Corporate Tax

The Biden corporate tax plan would put Illinois tax charges in fifth place

Combine Corporate Income Tax President Joe Biden wants to use the Illinois tax to fund his infrastructure plan. The resulting tax rate would be 35.4% – the fifth highest in the country and the second highest in the Midwest.

President Joe Biden’s plan to raise corporate tax rates to 28% will do the Illinois business climate no favors, bringing the combined state and federal tax rate to the fifth highest in the country, according to the Tax Foundation.

Biden is not alone and aimed at job creation: Illinois governor JB Pritzker has repeatedly put forward plans to get more taxes out of Illinois companies as they struggle to recover from its COVID-19 restrictions , which closed 35% of small businesses in Illinois in 2020. These small businesses are the most prolific job makers in Illinois. In Illinois, nearly 500,000 workers are still unemployed, up 7.8% in February. According to the latest IDES data, this is significantly higher than the national unemployment rate of 6.6%.

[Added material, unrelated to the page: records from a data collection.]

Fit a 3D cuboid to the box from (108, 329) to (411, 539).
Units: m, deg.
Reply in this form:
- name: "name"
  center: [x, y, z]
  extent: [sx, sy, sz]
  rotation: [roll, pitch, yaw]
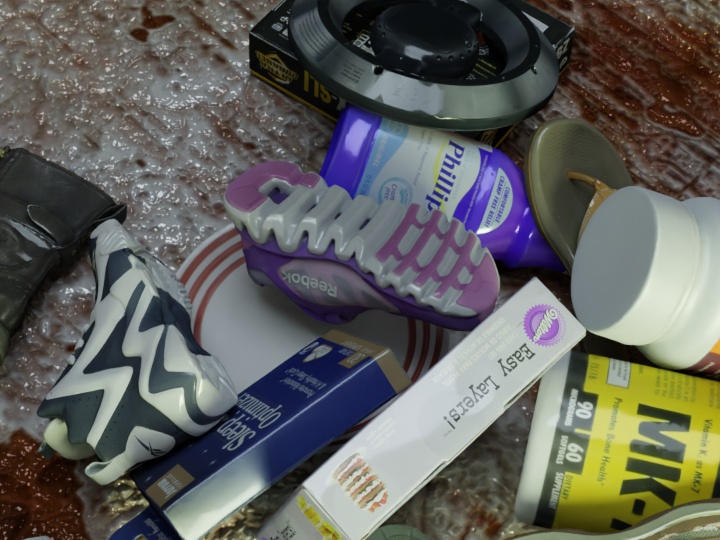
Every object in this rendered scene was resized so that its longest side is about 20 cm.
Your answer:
- name: "box"
  center: [-0.072, 0.108, 1.066]
  extent: [0.200, 0.121, 0.032]
  rotation: [-36, 103, -12]

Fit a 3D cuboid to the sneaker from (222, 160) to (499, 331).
- name: "sneaker"
  center: [0.000, 0.000, 1.149]
  extent: [0.199, 0.089, 0.080]
  rotation: [22, 41, 22]

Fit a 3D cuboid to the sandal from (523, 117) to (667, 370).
- name: "sandal"
  center: [0.171, -0.011, 1.168]
  extent: [0.080, 0.054, 0.201]
  rotation: [-11, 81, -24]

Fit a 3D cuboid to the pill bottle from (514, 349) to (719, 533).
- name: "pill bottle"
  center: [0.204, 0.123, 1.085]
  extent: [0.199, 0.115, 0.115]
  rotation: [12, 56, 7]

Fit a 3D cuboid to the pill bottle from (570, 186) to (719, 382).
- name: "pill bottle"
  center: [0.244, 0.018, 1.115]
  extent: [0.199, 0.114, 0.115]
  rotation: [16, 52, -23]

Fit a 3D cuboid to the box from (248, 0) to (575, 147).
- name: "box"
  center: [0.038, -0.169, 1.322]
  extent: [0.199, 0.049, 0.160]
  rotation: [31, 57, 18]

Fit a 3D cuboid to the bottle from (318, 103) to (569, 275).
- name: "bottle"
  center: [0.071, -0.050, 1.209]
  extent: [0.199, 0.065, 0.084]
  rotation: [21, 84, -7]

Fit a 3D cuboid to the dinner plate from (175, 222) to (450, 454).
- name: "dinner plate"
  center: [-0.038, 0.041, 1.189]
  extent: [0.199, 0.024, 0.201]
  rotation: [1, 54, -1]

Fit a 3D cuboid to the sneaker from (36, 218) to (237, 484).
- name: "sneaker"
  center: [-0.168, 0.060, 1.129]
  extent: [0.129, 0.079, 0.199]
  rotation: [-40, 49, 5]

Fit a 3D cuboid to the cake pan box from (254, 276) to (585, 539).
- name: "cake pan box"
  center: [0.034, 0.099, 1.042]
  extent: [0.200, 0.184, 0.052]
  rotation: [-40, 86, -19]

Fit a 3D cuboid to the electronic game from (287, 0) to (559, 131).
- name: "electronic game"
  center: [0.046, -0.161, 1.240]
  extent: [0.199, 0.042, 0.200]
  rotation: [9, 37, -7]

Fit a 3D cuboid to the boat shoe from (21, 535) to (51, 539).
- name: "boat shoe"
  center: [-0.278, 0.193, 1.046]
  extent: [0.199, 0.075, 0.069]
  rotation: [-17, 63, -12]

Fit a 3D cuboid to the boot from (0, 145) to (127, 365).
- name: "boot"
  center: [-0.285, -0.023, 1.209]
  extent: [0.199, 0.069, 0.175]
  rotation: [21, 52, 8]

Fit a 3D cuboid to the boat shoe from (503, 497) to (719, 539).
- name: "boat shoe"
  center: [0.174, 0.188, 1.005]
  extent: [0.199, 0.072, 0.076]
  rotation: [-12, 28, 6]

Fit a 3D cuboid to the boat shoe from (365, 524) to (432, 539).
- name: "boat shoe"
  center: [0.063, 0.245, 1.035]
  extent: [0.074, 0.065, 0.202]
  rotation: [-26, 64, -41]

Biden is seeking a corporate tax hike to fund its infrastructure plan. The federal corporate income tax is currently 21% and he is proposing to increase it to 28%. That would bring the effective corporate tax rate in Illinois to 35.4%, the second highest in the Midwest and the fifth highest in the nation.

At the same time, Pritzker is not pursuing spending reforms, but rather nine new taxes worth nearly $ 1 billion, including those that would hamper job creation efforts. The move was rejected by the Illinois Chamber of Commerce and Republicans because Pritzker was not unfairly filling in “loopholes” as he claimed, but instead sought to retract a deal he made early in his tenure for key tax incentives and job creation deductions Has.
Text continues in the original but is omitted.